As a result of an enormous amount of activity along the lines described, various lists of factors have been developed. These lists are basically similar but vary somewhat, depending on the source of the information and on the technique that was used to elicit it. In more subtle analyses it is often possible to do a demographic study of variations in the order of importance of various factors. Thus one can note differences in the kind of things desired from a job by company workers at higher or lower levels, older and younger workers, men or women. Unfortunately, the stability of these findings is relatively slight (23,Chapter 3). The one dramatic finding that emerged in our review of this literature was the fact that there was a difference in the primacy of factors, depending upon whether the investigator was looking for things the worker liked about his job or things he disliked. The concept that there were some factors that were "satisfiers" and others that were "dissatisfiers" was suggested by this finding. From it was derived one of the basic hypotheses of our own study.

Studies of the Effects of Job Attitudes

A demonstration of the relationship between measures of attitudes and resulting behavior is of the first importance. Industry wants to know whether the worker's attitude toward his job makes any difference in the way he works or in his willingness to stick with it. The behavioral scientist wants to know whether the measures of job attitudes have any predictive power. Unfortunately, it is difficult to evaluate the bulk of this research, since it consists of correlational studies in which comparison is made between groups of high or low morale, high or low productivity, or high or low turnover. There is a discussion of correlational studies at a later point in this chapter.
The conclusion from our survey of the literature of correlational studies was that there probably is some relationship between job attitudes and output or productivity. Unfortunately, the studies in which this relationship has been demonstrated are far from consistent. In fact, a well-known survey of the literature carried out independently of ours by Brayfield and Crockett (8) came to the firm conclusion that there is no relationship between job attitudes and performance on the job. The difference between their conclusion and ours was due to their greater scepticism of studies in which low, but positive, correlations were reported and to our citation of a number of studies with such low positive findings not included by them. Certainly there is no basic disagreement as to the tenuous nature of the relationship as it has been so far demonstrated. More uniform relationships between the worker's attitudes and absenteeism, turnover, and personal adjustment were evident in the literature we reviewed (23, Chapter 4).

Theory

The degree to which studies in job attitudes have been made a basis for fruitful theorizing is disappointing.

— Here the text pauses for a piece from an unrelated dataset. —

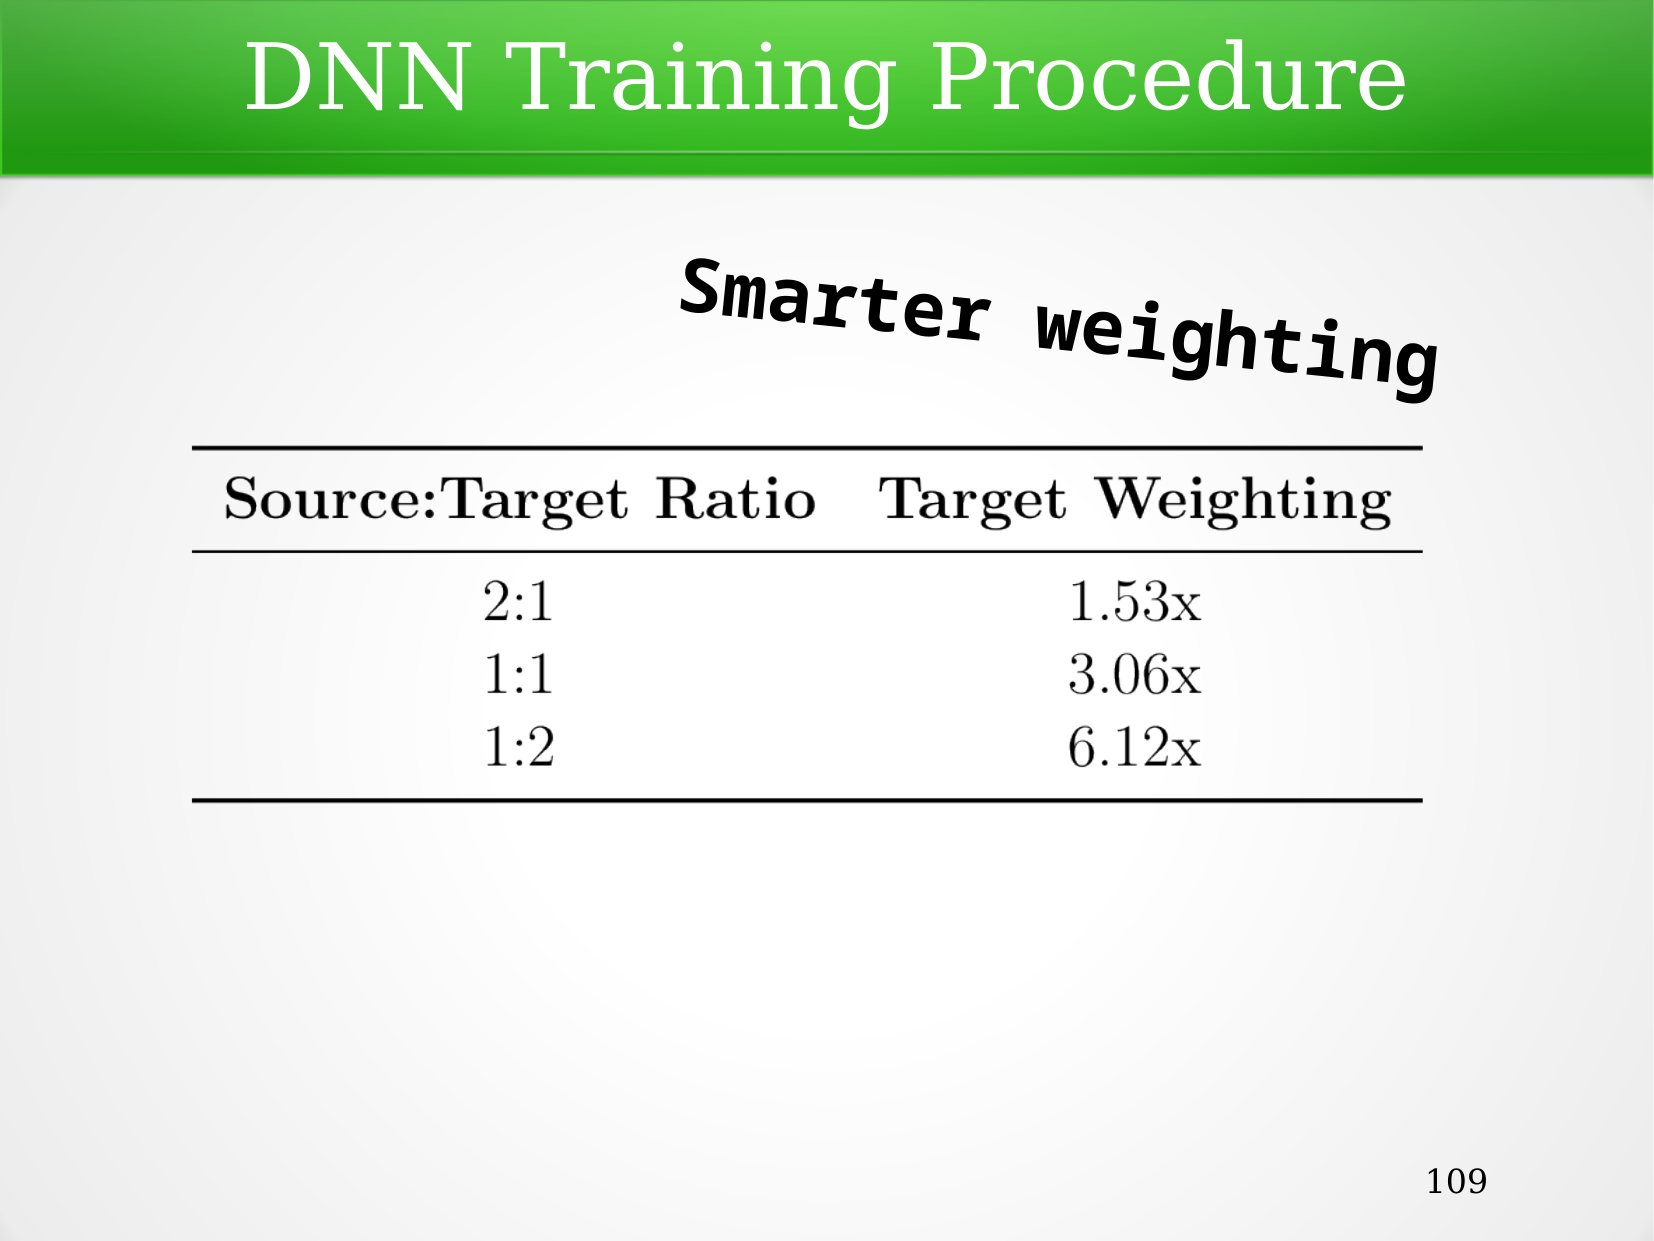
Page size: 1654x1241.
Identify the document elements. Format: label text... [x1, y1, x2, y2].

picture [0, 0, 1654, 1241]
title DNN Training Procedure [82, 11, 1571, 154]
text_box Smarter weighting [618, 222, 1512, 811]

We found relatively few places in which experimental or other investigations of people's attitudes toward their jobs had been integrated into the general body of psychology. There were even fewer in which psychological theory was used as a starting point for these investigations. Of course, there are some exceptions.
One of the most important is to be found in the pioneering work of Elton Mayo and his colleagues at the Harvard Business School. In one sense the famous Hawthorne studies (42, 51), carried out by this group, are not theoretically oriented at all. They call very little on the formal theoretical systems of any of the social sciences. In another sense, however, they are real contributions to theory. The discovery that the relationships between workers and their supervisors lead to a more potent influence on output than any manipulation of environmental conditions and that the informal associations of a group of men at work act as a potent stabilizer on the level of production (the notion of the informal group enforcing-its notion of the "fair day's work") were made the basis of a new frame of reference in industry. To the extent to which this new approach, signified by the somewhat shopworn phrase "human relations," has led to fruitful research and to changes in industrial practice, this approach has fulfilled the function of theory.
The application of formal sociological and psychological theory to the analysis of people's attitudes toward their jobs has, as far as we can tell, been limited to the study of social groups. The theories of Kurt Lewin (35, 36) in psychology and of Malinowski (38), Hughes (27), and Romans (24), among others, in sociology have led to a thorough cultivation of the study of work groups. We refer in some detail to a number of these investigations at later occasions. At this point we should note that this body of work is only tangentially relevant to our own investigation. The studies that derive from it contain few direct approaches to people's attitudes. Typically, they focus on the group as the unit of investigation. The individual plays a role primarily in terms of his position in the structure of the group or his contribution to group processes.
Within this framework some useful concepts have been developed. First, a group can be viewed as having structure or form. This structure is dependent on the nature of communication among its members and also on the lines of influence or authority. An individual's attitudes toward his work can certainly be affected by his position within the structure of a group and by the nature of that structure itself (5). Secondly, a group can be considered as loosely or tightly pulled together. It can be demonstrated that the degree of attraction of its members to the group, its cohesiveness, can affect the group's ability to control the behavior of its members; this can lead to increased production when the group accepts production as its own goal and severely curtail production when it fails to do so (52). Third, a group has direction, and this direction is usually given by a leader (23, Chapter 5). The effect of variations in the nature of leadership on an individual's attitudes toward his work is far from clear. Although earlier studies led to the conclusion that "autocratic" leadership was inferior to "democratic" leadership in terms of the group's morale as well as productivity (29), later work seems to qualify this seriously. In one of the rare studies in which the nature of supervision in work groups was systematically varied, autocratic leadership seemed to lead to improved output, despite its deleterious effects on morale (46).
This current of research led to the notion that employees who are given the opportunity to play a role in the setting of goals and the making of decisions affecting their work will accept change more readily than those who are catapulted into change without any opportunity for the exercise of free choice (11). The notion of the value of "participation" is one that we utilize in the interpretation of our own findings.
One of the most important sets of concepts to be found in the body of literature on the industrial work group is that of "employee-centered supervision." Starting with the findings of the Hawthorne study, and taking strength from the conclusions of the research we have just cited, the idea has grown that a supervisor is successful to the degree to which he focuses on the needs of his subordinate...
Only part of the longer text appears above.